但现在离开学校、在这种青少年闺房里独处,我那些防卫机制便全然失了作用。
我看着毕尹滚动的喉结,他那介于成熟与青涩之间、让戈登百合甘心用五万标下的俊俏眉眼,在思考前便开了口。
“为什么亲我……?”我问:“我来康柏那天,你亲了我吧?为什么这么做?”
毕尹沉默片刻,“我是为了守则。”
“你大可上载自慰照就好,守则又没限制一定要跟人接吻。”我说。
毕尹耳根又红了,多半是我提到“自慰”的缘故。
“我怕你还搞不清楚状况就违反守则,还得费心运行你。”
“但当时我还没收到守则通知,从你在走廊上的反应,你应该也不知道我会成为工蜂。”
“我只是想测试你,这样日后对付你时,才方便拟定计划。”毕尹冷声。
“……是这样吗?那就算了。”
我刻意叹了口气,拿起心美的菠萝酥咬了一口。
“我还以为你是有点喜欢我、或至少对我有好感,这样要是你不满意耳环的话,我还可以送你别的礼物。”
果然毕尹上勾了,“什么礼物……?”
第39章 纪录之间(三)、下篇
我凑近毕尹的脸。
他浑身僵硬、眼角泛红,呼吸变得急促,但却没有躲,那双好看的唇瓣抿得死紧,像是里头困了什么一般。
就在我们的唇几乎要触在一块时,毕尹忽然起身。
“……我没时间跟你胡闹,心美在叫我。”
他推了下眼镜,尽管我什么声音也没听见。
“我得去店里一趟,你在这等着,别乱动房里的东西。”
他踉跄地站起,竟就这么推门出去了,连回头多看我一眼都无。
我本来期待这孩子会扇我一巴掌,或是像平常一样,冷笑着对我说:“胡蝶伊,你少动歪脑筋了”、“想捉弄我,你还早了十年。”之类的。
但我看得出来,方才他相当、相当、相当地动摇。
正因为他动摇了,我也无法无动于衷。
“蝶伊老师。”我对着空气呢喃:“我是不是跟你说的一样,是个没有心、空有美丽外表的……‘标本’呢?”
★★★
我坐在床头发了一会儿呆,毕尹始终没再回来。
我百无聊赖地看了一会儿数据,起身在房间里又兜转了一会儿,但就如毕尹说的,这房间只是他拿来堆旧物的,没啥秘密可窥探。我还特地翻了毕尹床底下,果然也没我期待的黄色书刊。

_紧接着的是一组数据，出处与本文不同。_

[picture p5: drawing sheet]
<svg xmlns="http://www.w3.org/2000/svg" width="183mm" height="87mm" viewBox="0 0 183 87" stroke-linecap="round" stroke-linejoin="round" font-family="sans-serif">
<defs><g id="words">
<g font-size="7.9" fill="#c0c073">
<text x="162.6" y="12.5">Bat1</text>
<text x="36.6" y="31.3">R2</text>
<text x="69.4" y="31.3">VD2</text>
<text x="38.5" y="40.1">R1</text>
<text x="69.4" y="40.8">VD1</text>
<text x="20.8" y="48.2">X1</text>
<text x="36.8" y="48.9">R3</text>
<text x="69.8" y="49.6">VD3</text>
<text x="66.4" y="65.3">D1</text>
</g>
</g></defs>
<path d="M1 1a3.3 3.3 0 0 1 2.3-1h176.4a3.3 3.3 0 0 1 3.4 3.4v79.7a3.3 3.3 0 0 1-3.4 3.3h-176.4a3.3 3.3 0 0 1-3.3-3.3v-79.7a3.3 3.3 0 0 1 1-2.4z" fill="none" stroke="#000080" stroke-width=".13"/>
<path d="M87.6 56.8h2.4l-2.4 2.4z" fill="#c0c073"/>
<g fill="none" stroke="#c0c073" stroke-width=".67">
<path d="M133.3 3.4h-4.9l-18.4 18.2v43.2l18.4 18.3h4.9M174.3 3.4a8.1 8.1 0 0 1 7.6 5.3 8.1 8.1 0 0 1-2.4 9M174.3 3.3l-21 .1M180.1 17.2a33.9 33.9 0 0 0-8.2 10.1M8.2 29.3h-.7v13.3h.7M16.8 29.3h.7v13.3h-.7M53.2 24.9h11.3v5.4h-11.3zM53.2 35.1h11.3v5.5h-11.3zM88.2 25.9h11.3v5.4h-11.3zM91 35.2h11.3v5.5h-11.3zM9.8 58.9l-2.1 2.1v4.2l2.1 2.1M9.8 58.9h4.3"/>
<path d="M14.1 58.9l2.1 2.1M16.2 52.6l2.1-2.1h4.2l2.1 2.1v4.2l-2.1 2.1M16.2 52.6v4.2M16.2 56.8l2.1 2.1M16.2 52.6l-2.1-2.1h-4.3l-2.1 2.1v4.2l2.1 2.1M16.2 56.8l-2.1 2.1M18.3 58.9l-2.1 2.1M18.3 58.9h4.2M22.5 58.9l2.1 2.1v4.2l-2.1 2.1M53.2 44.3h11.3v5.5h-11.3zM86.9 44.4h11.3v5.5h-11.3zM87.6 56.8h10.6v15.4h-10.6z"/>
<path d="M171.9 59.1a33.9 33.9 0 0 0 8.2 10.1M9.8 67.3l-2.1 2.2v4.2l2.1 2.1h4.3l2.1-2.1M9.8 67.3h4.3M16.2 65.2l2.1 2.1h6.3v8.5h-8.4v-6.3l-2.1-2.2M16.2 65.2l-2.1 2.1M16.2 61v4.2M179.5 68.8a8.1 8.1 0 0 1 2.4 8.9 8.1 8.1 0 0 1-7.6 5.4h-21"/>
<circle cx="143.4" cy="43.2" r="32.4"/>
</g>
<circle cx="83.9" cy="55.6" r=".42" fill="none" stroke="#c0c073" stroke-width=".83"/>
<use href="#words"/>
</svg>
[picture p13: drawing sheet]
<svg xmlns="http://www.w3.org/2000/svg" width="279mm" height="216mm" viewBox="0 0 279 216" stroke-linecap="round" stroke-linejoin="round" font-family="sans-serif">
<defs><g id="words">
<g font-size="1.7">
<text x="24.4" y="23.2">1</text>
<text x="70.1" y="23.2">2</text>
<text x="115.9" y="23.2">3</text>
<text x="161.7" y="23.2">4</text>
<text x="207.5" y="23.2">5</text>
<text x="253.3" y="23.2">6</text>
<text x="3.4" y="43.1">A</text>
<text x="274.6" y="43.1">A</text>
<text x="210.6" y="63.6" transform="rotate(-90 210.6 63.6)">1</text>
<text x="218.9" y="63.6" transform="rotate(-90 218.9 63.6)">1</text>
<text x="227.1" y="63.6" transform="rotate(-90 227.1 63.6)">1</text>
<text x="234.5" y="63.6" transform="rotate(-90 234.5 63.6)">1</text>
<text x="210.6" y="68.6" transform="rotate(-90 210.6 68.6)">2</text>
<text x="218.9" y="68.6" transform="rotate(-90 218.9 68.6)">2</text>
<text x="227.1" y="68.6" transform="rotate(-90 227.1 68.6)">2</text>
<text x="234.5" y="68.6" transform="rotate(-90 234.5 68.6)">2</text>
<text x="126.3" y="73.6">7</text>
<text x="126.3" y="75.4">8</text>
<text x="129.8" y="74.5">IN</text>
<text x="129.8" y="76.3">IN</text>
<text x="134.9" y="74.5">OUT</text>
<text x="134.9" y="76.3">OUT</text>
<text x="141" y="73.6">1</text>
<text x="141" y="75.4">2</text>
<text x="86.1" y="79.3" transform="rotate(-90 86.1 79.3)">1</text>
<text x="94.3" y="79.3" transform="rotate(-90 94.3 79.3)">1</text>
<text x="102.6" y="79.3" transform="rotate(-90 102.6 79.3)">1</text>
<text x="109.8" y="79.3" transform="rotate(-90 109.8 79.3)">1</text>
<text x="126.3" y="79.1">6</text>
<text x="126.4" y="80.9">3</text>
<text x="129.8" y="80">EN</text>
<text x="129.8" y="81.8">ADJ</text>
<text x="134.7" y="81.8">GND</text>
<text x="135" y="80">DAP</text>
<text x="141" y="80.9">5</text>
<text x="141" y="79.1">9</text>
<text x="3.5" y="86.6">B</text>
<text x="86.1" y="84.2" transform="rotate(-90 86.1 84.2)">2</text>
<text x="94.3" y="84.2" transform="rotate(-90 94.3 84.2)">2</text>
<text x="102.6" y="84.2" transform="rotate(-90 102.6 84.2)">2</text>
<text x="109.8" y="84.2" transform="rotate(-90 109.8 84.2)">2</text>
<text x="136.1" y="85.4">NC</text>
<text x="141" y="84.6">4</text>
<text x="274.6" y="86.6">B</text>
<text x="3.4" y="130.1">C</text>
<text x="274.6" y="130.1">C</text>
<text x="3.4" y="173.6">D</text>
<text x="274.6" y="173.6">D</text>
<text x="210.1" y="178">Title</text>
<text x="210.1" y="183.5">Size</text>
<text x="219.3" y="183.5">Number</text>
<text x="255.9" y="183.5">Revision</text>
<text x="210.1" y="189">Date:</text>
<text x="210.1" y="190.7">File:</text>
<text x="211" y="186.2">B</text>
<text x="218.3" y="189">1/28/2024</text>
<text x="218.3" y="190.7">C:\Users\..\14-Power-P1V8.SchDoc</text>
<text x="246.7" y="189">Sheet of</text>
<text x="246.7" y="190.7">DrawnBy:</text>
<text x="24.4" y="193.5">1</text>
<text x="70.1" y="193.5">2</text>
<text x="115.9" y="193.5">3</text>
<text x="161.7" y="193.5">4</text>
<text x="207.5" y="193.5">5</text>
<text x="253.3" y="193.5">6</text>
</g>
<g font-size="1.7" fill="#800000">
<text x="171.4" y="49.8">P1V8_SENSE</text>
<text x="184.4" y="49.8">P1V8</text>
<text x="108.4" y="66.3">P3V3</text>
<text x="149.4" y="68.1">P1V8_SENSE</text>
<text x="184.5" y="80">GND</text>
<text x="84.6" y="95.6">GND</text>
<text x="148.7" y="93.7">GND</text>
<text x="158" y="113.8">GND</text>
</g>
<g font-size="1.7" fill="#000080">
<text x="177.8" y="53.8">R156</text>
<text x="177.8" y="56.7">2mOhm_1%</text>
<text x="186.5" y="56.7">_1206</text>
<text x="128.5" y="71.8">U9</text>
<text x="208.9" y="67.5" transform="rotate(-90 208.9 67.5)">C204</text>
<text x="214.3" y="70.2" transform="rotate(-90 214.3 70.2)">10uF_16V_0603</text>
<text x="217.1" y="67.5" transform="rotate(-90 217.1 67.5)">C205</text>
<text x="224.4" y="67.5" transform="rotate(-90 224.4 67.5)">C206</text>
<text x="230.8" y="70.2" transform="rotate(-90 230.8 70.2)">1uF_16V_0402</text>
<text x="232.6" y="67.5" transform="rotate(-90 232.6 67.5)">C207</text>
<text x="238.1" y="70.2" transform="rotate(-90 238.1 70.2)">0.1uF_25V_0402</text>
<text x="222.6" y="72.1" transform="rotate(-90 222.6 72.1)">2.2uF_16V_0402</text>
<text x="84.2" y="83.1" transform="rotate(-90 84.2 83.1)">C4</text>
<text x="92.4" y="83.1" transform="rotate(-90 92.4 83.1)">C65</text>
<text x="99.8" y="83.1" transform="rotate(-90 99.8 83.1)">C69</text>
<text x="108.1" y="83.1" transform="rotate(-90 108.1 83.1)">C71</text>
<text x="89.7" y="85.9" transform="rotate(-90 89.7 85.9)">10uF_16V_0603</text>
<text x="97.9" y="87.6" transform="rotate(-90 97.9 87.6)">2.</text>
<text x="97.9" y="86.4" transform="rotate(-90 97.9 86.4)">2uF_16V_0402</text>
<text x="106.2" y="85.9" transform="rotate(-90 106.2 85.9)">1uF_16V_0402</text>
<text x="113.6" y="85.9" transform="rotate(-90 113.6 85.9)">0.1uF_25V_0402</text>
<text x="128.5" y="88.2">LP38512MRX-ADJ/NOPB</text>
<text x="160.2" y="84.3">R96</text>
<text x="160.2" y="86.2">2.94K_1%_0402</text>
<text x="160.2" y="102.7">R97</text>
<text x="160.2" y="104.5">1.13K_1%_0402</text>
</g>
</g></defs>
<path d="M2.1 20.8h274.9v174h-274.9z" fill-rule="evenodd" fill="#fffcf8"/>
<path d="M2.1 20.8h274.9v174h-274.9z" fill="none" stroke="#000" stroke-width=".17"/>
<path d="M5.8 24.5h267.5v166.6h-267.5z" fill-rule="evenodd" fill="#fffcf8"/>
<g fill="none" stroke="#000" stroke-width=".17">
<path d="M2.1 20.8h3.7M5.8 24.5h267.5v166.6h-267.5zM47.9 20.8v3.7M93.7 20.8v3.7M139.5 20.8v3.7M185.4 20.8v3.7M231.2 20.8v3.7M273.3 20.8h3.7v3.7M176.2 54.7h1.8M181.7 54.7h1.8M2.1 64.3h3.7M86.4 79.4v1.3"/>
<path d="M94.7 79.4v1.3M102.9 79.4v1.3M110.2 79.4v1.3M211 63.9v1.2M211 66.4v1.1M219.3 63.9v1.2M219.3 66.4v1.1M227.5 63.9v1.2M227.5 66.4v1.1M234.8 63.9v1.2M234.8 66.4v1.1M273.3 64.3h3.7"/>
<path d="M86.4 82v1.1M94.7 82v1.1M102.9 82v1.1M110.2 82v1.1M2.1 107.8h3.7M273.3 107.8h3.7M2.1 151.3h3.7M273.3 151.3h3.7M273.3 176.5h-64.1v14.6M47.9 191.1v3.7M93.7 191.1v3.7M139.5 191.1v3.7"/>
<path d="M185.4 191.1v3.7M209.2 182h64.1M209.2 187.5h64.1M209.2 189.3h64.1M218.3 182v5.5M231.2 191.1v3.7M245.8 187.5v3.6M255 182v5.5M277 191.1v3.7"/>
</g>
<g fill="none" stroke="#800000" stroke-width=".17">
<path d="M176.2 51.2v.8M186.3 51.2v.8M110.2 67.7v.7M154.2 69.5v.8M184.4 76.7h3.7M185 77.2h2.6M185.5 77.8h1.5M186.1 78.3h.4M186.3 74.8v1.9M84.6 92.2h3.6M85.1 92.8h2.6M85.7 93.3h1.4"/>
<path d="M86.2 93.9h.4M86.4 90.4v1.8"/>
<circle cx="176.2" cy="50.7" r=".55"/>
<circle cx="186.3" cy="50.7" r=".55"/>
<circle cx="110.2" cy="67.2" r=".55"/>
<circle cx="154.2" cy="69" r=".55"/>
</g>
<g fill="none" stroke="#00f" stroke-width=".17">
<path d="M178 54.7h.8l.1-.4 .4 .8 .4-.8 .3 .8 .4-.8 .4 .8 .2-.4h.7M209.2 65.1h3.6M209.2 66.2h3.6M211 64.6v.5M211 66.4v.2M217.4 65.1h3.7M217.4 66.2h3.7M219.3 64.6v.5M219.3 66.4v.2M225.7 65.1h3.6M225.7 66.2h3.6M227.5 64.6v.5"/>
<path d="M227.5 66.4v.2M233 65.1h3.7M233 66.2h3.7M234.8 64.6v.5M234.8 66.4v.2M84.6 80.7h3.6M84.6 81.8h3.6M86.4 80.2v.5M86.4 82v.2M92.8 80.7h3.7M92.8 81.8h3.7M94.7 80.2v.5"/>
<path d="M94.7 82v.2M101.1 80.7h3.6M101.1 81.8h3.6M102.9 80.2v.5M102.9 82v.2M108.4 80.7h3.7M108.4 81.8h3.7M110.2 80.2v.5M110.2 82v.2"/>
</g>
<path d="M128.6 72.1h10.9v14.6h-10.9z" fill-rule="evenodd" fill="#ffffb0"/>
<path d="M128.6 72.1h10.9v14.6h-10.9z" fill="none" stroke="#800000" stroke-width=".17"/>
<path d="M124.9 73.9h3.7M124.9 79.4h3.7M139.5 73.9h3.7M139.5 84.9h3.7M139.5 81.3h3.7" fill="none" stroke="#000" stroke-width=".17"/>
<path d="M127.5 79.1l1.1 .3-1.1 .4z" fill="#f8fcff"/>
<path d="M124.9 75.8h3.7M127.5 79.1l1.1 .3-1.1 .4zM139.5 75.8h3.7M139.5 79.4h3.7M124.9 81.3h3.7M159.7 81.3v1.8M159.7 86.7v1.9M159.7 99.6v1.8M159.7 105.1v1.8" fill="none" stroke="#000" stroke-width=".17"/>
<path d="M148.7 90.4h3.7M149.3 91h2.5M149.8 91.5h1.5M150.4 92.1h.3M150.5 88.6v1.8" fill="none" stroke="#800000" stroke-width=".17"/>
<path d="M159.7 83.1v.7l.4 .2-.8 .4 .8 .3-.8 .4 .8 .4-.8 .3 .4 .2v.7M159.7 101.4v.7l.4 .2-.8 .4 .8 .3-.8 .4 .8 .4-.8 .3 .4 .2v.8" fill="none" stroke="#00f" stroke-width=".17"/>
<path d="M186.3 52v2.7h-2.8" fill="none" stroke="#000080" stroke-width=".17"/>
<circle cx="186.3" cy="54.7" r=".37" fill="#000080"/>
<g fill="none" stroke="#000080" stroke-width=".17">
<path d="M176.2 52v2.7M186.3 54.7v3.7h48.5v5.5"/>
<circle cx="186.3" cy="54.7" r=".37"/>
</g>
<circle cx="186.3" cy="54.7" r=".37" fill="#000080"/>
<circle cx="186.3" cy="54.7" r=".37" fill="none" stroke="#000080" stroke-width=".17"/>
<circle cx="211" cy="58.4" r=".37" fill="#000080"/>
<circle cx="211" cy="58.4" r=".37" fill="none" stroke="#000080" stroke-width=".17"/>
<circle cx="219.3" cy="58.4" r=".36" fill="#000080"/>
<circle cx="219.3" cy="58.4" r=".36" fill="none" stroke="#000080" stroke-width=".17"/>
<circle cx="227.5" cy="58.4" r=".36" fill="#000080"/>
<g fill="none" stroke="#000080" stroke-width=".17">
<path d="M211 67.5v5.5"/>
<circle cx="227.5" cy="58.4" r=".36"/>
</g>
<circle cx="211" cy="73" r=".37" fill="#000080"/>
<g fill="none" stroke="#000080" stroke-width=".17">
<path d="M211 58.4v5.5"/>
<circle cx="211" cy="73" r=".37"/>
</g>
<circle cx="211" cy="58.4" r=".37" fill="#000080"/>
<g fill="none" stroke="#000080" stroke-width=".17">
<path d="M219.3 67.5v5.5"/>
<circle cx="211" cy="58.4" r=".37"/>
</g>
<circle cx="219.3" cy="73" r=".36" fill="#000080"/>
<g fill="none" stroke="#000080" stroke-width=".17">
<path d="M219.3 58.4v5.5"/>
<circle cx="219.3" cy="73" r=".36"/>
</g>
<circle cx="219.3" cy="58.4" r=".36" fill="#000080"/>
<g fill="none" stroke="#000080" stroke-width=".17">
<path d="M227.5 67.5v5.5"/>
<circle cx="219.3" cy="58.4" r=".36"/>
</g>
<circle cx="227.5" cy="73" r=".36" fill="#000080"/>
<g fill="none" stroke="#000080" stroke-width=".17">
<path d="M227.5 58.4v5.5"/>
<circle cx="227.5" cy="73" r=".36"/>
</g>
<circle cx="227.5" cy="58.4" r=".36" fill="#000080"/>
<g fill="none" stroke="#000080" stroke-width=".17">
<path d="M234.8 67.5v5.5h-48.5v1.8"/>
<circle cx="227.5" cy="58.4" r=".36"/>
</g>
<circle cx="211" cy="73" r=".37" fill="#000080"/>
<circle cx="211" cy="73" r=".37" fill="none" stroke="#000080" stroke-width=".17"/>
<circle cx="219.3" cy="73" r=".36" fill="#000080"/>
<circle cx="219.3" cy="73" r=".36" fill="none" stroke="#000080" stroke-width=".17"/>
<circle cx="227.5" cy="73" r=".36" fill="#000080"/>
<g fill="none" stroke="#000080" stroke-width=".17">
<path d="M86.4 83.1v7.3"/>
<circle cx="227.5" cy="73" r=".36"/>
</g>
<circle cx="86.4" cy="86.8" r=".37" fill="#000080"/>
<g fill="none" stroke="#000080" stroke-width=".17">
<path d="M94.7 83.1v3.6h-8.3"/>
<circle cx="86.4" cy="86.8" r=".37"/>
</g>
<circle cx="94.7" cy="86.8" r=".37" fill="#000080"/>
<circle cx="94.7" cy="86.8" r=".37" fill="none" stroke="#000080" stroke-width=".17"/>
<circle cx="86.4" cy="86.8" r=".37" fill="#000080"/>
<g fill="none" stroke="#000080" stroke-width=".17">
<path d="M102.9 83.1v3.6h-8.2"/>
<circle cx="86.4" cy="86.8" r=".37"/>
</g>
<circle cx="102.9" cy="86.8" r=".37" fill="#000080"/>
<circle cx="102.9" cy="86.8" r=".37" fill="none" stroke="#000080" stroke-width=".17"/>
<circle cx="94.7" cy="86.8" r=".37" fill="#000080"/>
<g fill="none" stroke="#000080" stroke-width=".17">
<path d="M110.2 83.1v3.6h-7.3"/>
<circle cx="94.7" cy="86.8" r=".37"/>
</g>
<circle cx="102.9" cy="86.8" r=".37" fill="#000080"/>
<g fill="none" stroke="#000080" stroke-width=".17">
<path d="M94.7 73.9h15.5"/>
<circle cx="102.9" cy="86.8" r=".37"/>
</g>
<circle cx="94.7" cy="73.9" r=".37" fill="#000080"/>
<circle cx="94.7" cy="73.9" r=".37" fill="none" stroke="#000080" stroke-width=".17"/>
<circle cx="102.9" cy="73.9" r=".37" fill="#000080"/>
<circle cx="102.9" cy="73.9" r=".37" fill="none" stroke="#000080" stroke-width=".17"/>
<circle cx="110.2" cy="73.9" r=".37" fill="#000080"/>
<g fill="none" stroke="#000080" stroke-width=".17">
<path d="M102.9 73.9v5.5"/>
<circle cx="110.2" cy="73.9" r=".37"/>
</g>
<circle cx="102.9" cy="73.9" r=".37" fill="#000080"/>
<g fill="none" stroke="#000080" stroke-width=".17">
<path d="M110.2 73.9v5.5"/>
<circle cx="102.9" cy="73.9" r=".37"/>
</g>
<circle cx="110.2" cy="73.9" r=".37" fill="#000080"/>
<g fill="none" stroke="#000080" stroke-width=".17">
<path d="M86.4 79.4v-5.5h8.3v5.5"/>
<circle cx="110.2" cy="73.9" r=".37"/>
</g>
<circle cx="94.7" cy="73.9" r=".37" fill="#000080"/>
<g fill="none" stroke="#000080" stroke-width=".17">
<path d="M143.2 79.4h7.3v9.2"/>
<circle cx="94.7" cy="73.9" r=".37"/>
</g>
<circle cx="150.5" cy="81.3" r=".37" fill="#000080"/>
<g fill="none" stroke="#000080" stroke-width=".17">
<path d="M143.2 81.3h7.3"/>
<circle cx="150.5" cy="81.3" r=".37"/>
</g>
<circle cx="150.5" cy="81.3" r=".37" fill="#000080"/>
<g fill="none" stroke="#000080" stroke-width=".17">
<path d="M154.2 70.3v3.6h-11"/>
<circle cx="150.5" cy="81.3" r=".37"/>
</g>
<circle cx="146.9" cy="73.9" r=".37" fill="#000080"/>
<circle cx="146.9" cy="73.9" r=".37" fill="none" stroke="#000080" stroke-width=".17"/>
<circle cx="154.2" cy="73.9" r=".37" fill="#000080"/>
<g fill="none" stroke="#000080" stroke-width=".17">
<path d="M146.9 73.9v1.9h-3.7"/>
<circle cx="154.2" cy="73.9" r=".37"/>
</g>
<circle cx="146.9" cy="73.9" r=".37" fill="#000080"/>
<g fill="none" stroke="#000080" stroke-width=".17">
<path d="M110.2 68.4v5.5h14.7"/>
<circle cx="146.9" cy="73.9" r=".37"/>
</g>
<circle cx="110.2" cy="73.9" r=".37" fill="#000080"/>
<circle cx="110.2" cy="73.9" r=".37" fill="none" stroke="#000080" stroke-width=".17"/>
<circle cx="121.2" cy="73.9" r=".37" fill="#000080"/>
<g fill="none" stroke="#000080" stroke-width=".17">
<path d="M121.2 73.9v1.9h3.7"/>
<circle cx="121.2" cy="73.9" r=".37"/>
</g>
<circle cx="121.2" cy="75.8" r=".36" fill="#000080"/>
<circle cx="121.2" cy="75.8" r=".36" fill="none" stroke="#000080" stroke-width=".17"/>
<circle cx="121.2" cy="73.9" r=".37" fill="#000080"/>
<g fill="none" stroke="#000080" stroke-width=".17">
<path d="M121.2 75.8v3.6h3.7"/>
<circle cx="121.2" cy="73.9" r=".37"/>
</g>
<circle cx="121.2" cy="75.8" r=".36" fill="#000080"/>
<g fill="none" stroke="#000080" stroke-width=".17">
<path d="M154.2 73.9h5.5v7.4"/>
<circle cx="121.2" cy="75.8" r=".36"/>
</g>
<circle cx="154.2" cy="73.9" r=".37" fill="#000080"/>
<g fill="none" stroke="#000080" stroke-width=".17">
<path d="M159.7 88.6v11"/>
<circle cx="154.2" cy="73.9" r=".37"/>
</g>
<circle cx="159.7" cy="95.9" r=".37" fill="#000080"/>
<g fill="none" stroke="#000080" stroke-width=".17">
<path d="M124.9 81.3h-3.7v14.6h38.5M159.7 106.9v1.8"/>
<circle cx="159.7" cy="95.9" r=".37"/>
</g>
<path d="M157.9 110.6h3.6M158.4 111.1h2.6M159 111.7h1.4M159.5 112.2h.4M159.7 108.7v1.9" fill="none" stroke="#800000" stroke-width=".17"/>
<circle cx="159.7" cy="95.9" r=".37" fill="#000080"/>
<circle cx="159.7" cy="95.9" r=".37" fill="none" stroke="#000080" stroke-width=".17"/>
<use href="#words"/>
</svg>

我索性躺下来伸懒腰,脚伸进毕尹的书桌底下,却踢到一样坚硬的物事。
是西洋棋盘。
我一下子来了兴致。我拉出棋盘,那玩意儿似乎年代久远,表面刻线已然模糊。
但吸引我目光的倒非棋磐本身,而是侧面刻的字迹。
“风鸣”,棋盘侧用黑色签字笔这样写着。